Garnet clinopyroxenites (GC) are principally composed of large, subhedral or rounded grains of garnet (1–6 mm) in an interstitial matrix of clinopyroxene (<1 cm), and are easily distinguished from the GW and SGC by no textural indication of subsolidus exsolution and reaction (Fig. 3e). The proportion of garnet to clinopyroxene varies from 1:9 to 1:1 (Table 1), and has relevance to the size and morphology of garnet. Subhedral and smaller garnet generally occurs in clinopyroxene-rich specimens, although well-rounded and larger garnet tends to occur in garnet-rich specimens. Although most members of the GC are bimineralic, some samples contain other accessory phases. Sample SAE116 is a quartz–garnet clinopyroxenite, mainly composed of clinopyroxene (75%), with minor anhedral to subhedral garnet (21%) and small-quartz aggregates (4%) occurring along grain boundaries (Fig. 3f). Small grains of quartz also appear as discrete inclusions in the clinopyroxene and garnet. SAE132 and SAE141 contain orthopyroxene as an accessory phase, but the textures in the two samples differ distinctly. Clinopyroxene in sample SAE132 is extremely large (3 cm) and entirely surrounds well-rounded garnet (<1 cm) associated with small orthopyroxene (<1 mm). Presumably, this specimen represents a transitional example between the GC and isolated megacrysts because the constituent minerals have sizes equivalent to those in the megacryst suites. Sample SAE141 shows distinct porphyroclastic textures. Porphyroclasts of clinopyroxene, euhedral orthopyroxene and subhedral to anhedral garnet with thick kelyphitized margins are enclosed by a matrix of clinopyroxene neoblasts (0·2 mm). Rarely, orthopyroxene occurs as thin exsolution lamellae in the core of clinopyroxene porphyroclasts.

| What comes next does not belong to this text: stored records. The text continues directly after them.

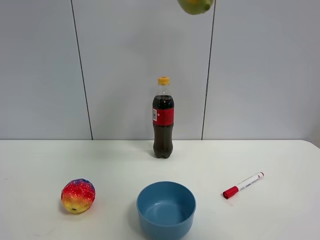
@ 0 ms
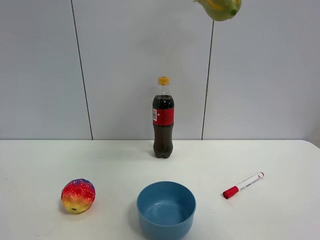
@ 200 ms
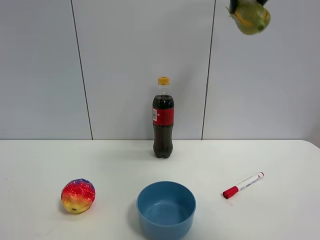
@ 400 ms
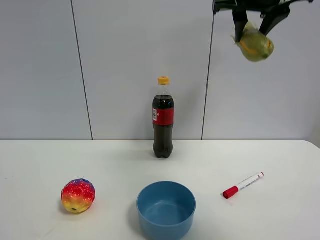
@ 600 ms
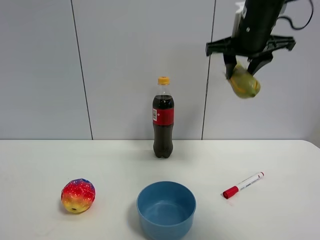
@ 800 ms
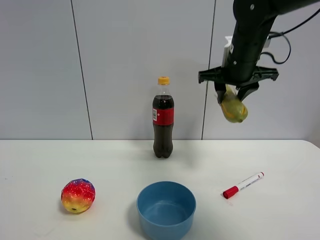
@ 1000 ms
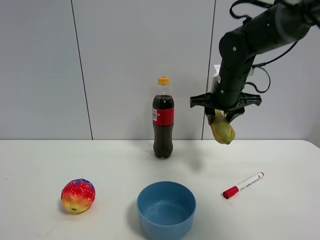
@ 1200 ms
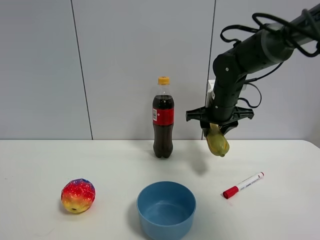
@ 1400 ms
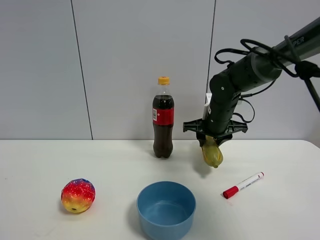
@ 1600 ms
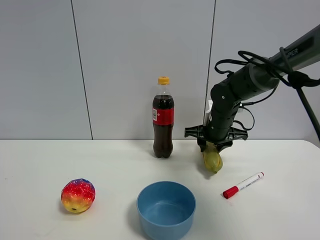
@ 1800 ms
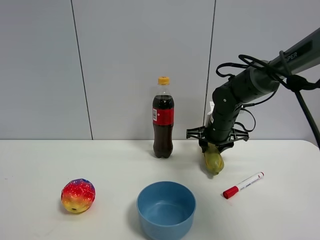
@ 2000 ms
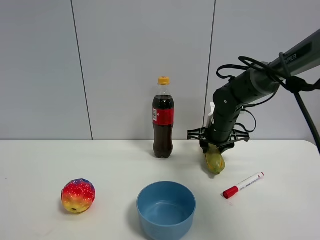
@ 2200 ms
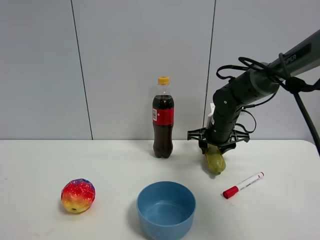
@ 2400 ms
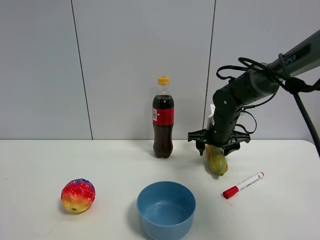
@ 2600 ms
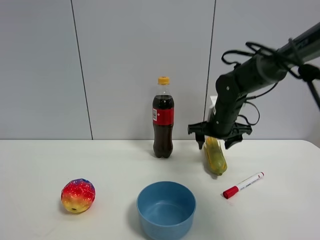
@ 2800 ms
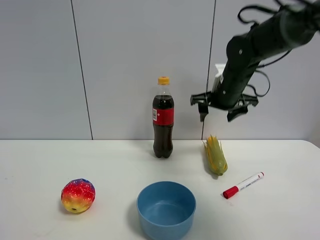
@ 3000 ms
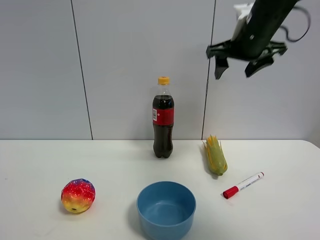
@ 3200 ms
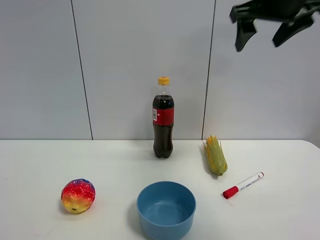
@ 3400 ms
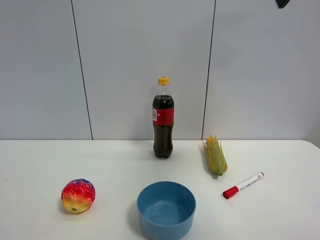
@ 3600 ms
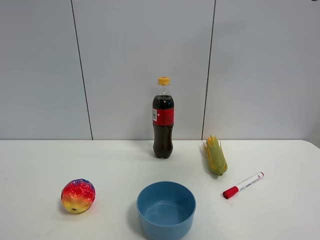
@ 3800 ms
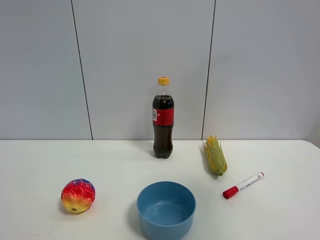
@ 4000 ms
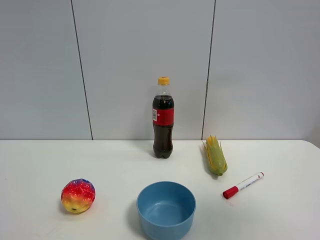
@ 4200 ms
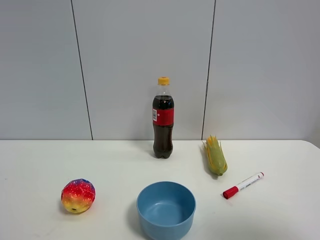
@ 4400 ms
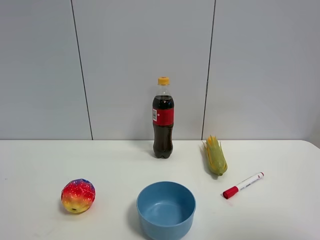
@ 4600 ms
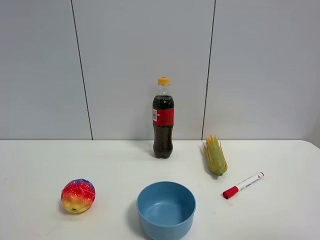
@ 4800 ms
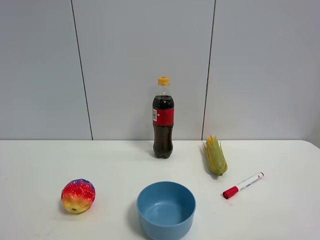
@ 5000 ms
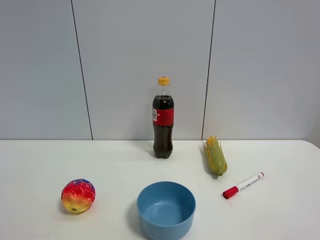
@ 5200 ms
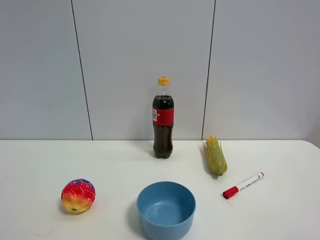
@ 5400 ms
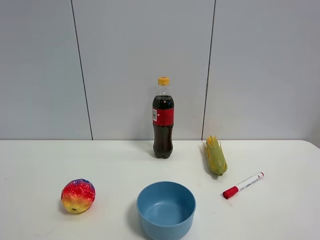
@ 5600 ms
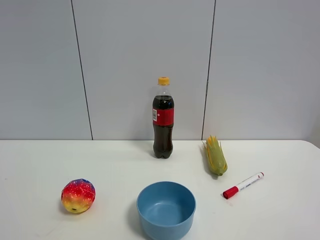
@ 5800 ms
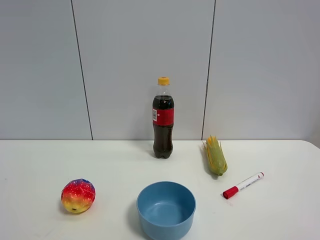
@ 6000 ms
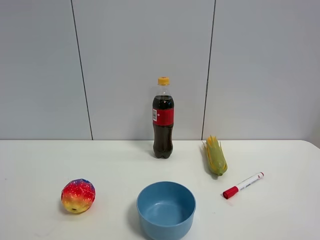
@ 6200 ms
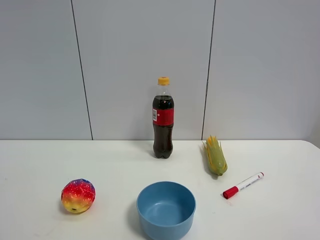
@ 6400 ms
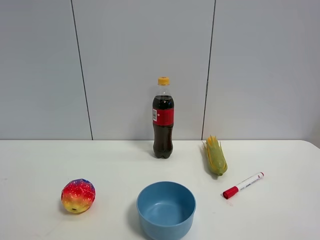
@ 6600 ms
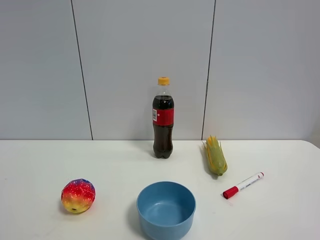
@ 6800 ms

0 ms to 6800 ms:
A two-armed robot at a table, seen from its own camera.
Task of the whole recording: the gripper move the object.
Step, 0 ms to 2600 ms: Place the corn on the table with the right gripper.
0 ms to 1400 ms: The right gripper heads downward and forward, covering about 35 cm.
1400 ms to 2800 ms: The right gripper opens.
2800 ms to 4000 ms: The right gripper travels backward and upward by some 40 cm.
4000 ms to 5400 ms: The right gripper heads backward and downward, covering roughly 20 cm.

Garnet orthopyroxenites (GO) are mainly composed of coarse-grained (up to 1·5 cm) orthopyroxene and interstitial garnets (<2 mm) with irregular and curvilinear grain outlines (Fig. 3g). The proportion of garnet to orthopyroxene varies from 1:9 to 5:4 (Table 1). Similar to the GC, textural evidence of exsolution is apparently absent. Many specimens contain small, well-rounded inclusions (<1 mm) of olivine and clinopyroxene within orthopyroxene, and, rarely, within garnet. Some specimens also contain large clinopyroxene (<1 cm) with anhedral interfaces between the orthopyroxene and interstitial garnet. Three samples (SAE136, SAE137 and SAE139) have megacrystalline garnets (up to 2·5 cm) scattered through the orthopyroxene-dominated matrix (Fig. 3h). The irregular rims of megacrystalline garnets are texturally continuous to anhedral garnets in the matrix, indicating that second-generation garnet grew on pre-existing rounded grains of garnet. This argument is supported by the fact that marked chemical zonation is retained in the megacrystalline garnet.
Megacryst suites
Megacryst suites are defined by large, rounded, single crystals, and mainly consist of garnet, subcalcic diopside, augite, bronzite and ilmenite (e.g. Nixon & Boyd, 1979). Phlogopite and zircon are also regarded as members of megacryst suites. Moreover, the presence of clinopyroxene–ilmenite graphic intergrowths, which are common in kimberlitic inclusions, have been described in previous studies. The most common mineral is garnet and some specimens contain smaller grains of subcalcic diopside. Compared with the garnet megacrysts, the abundance of clinopyroxene megacrysts is small, owing to their rare occurrence in the field. We investigated 18 clinopyroxene megacrysts, including nine subcalcic diopsides, six augites, two clinopyroxene–ilmenite intergrowths and one clinopyroxene–rutile intergrowth. The clinopyroxene–rutile intergrowth displays a texture that is similar to the clinopyroxene–ilmenite intergrowths and also contains ilmenite along thin surfaces and inner cleavage planes of the rutile. One of the miscellaneous samples comprising mica, amphibole and ilmenite with minor apatite and clinopyroxene is very similar to the MARID suite in kimberlite (e.g. Cawson & Smith, 1977) and is probably related to the augite megacrysts, based on compositional similarity.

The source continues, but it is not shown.